From the Department of Immunology, Genetics and Pathology, Rudbeck Laboratory, Uppsala University, Sweden (M.C., B.L., K.A., A.Á.-A., A.A.T., E.D., C. Betsholtz, K.G.).
Biotech Research and Innovation Center, University of Copenhagen, Denmark (C. Brakebusch).
Circ Res. 2019 Apr 12;124(8):1240-1252. doi: 10.1161/CIRCRESAHA.118.314300.
Aberrant formation of blood vessels precedes a broad spectrum of vascular complications; however, the cellular and molecular events governing vascular malformations are not yet fully understood.
Here, we investigated the role of CDC42 (cell division cycle 42) during vascular morphogenesis and its relative importance for the development of cerebrovascular malformations.
To avoid secondary systemic effects often associated with embryonic gene deletion, we generated an endothelial-specific and inducible knockout approach to study postnatal vascularization of the mouse brain. Postnatal endothelial-specific deletion of Cdc42 elicits cerebrovascular malformations reminiscent of cerebral cavernous malformations (CCMs). At the cellular level, loss of CDC42 function in brain endothelial cells (ECs) impairs their sprouting, branching morphogenesis, axial polarity, and normal dispersion within the brain tissue. Disruption of CDC42 does not alter EC proliferation, but malformations occur where EC proliferation is the most pronounced during brain development-the postnatal cerebellum-indicating that a high, naturally occurring EC proliferation provides a permissive state for the appearance of these malformations. Mechanistically, CDC42 depletion in ECs elicited increased MEKK3 (mitogen-activated protein kinase kinase kinase 3)-MEK5 (mitogen-activated protein kinase kinase 5)-ERK5 (extracellular signal-regulated kinase 5) signaling and consequent detrimental overexpression of KLF (Kruppel-like factor) 2 and KLF4, recapitulating the hallmark mechanism for CCM pathogenesis.
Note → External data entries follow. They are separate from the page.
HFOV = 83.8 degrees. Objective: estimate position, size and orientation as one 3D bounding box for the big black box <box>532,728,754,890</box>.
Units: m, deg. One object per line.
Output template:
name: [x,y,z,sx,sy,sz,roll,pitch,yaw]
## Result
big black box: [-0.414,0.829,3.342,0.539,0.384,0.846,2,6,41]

Through genetic approaches, we demonstrate that the coinactivation of Klf4 reduces the severity of vascular malformations in Cdc42 mutant mice. Moreover, we show that CDC42 interacts with CCMs and that CCM3 promotes CDC42 activity in ECs.
We show that endothelial-specific deletion of Cdc42 elicits CCM-like cerebrovascular malformations and that CDC42 is engaged in the CCM signaling network to restrain the MEKK3-MEK5-ERK5-KLF2/4 pathway.
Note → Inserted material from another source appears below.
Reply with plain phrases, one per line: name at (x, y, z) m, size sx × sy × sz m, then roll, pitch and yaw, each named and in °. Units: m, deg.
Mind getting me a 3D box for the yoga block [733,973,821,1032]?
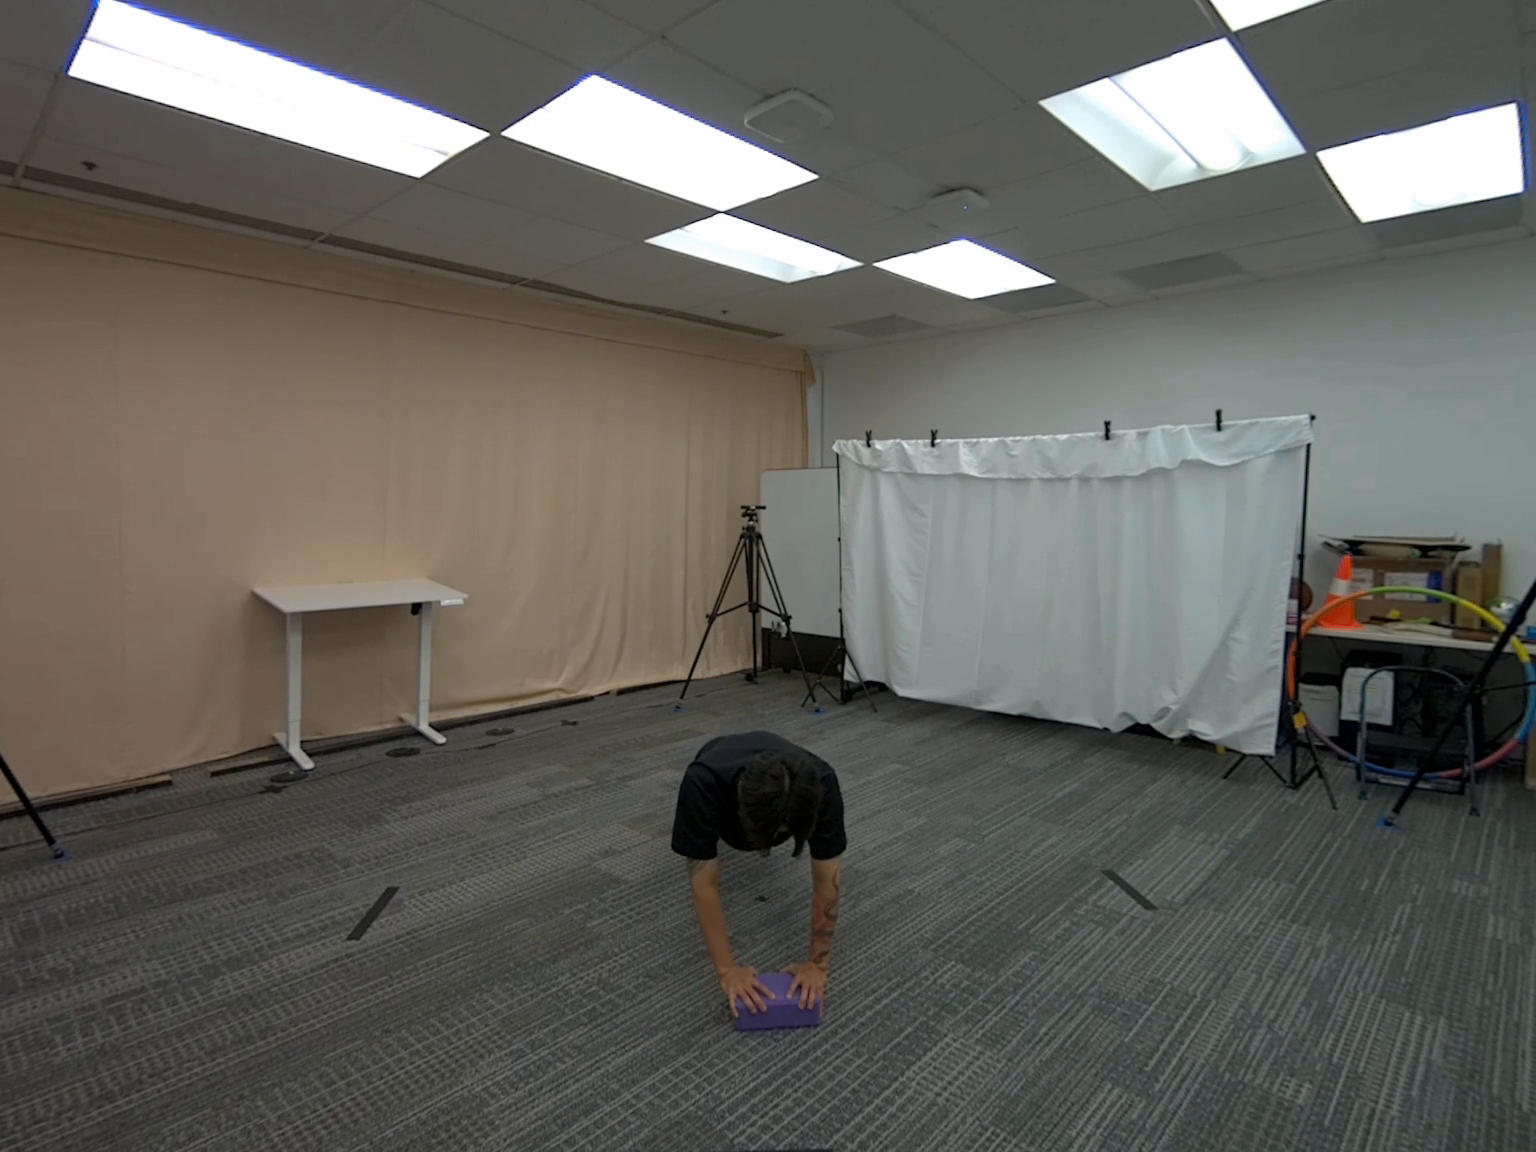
yoga block at (0.015, 1.157, 2.312) m, size 0.228 × 0.076 × 0.151 m, roll -1°, pitch 7°, yaw -7°

血管异常形成先于广泛的血管并发症;然而,调控血管畸形的细胞和分子事件尚不完全清楚。
本研究旨在探讨 CDC42(细胞分裂周期 42)在血管形态发生中的作用及其对脑血管畸形发生的相对重要性。
为避免胚胎基因缺失常伴有的继发性全身效应,我们构建了一种内皮细胞特异性和诱导型基因敲除方法,以研究小鼠脑的血管新生。新生期内皮细胞特异性敲除 Cdc42 可引发类似脑动静脉畸形(CAVM)的脑血管畸形。在细胞水平,CDC42 功能缺失会损害脑内皮细胞(EC)的出芽、分支形态发生、轴向极性和在脑组织中的正常弥散。CDC42 的缺失并不改变 EC 的增殖,但这些畸形出现在脑发育过程中 EC 增殖最显著的部位——新生小脑,这表明高自然发生的 EC 增殖为这些畸形的出现提供了一种许可状态。在机制上,EC 中 CDC42 的耗竭会引起 MEKK3(丝裂原激活蛋白激酶激酶激酶 3)-MEK5(丝裂原激活蛋白激酶激酶 5)-ERK5(细胞外信号调节激酶 5)信号的增加,继而导致 KLF(Kruppel 样因子)2 和 KLF4 的过度表达,这再现了 CAVM 发病机制的标志性机制。通过遗传方法,我们证明 Klf4 的共缺失可降低 Cdc42 突变小鼠中血管畸形的严重程度。此外,我们表明 CDC42 与 CAVM 相互作用,并且 CCM3 在 EC 中促进 CDC42 活性。
本研究表明,内皮细胞特异性敲除 Cdc42 可引发类似 CAVM 的脑血管畸形,并且 CDC42 参与了 CCM 信号网络,以抑制 MEKK3-MEK5-ERK5-KLF2/4 通路。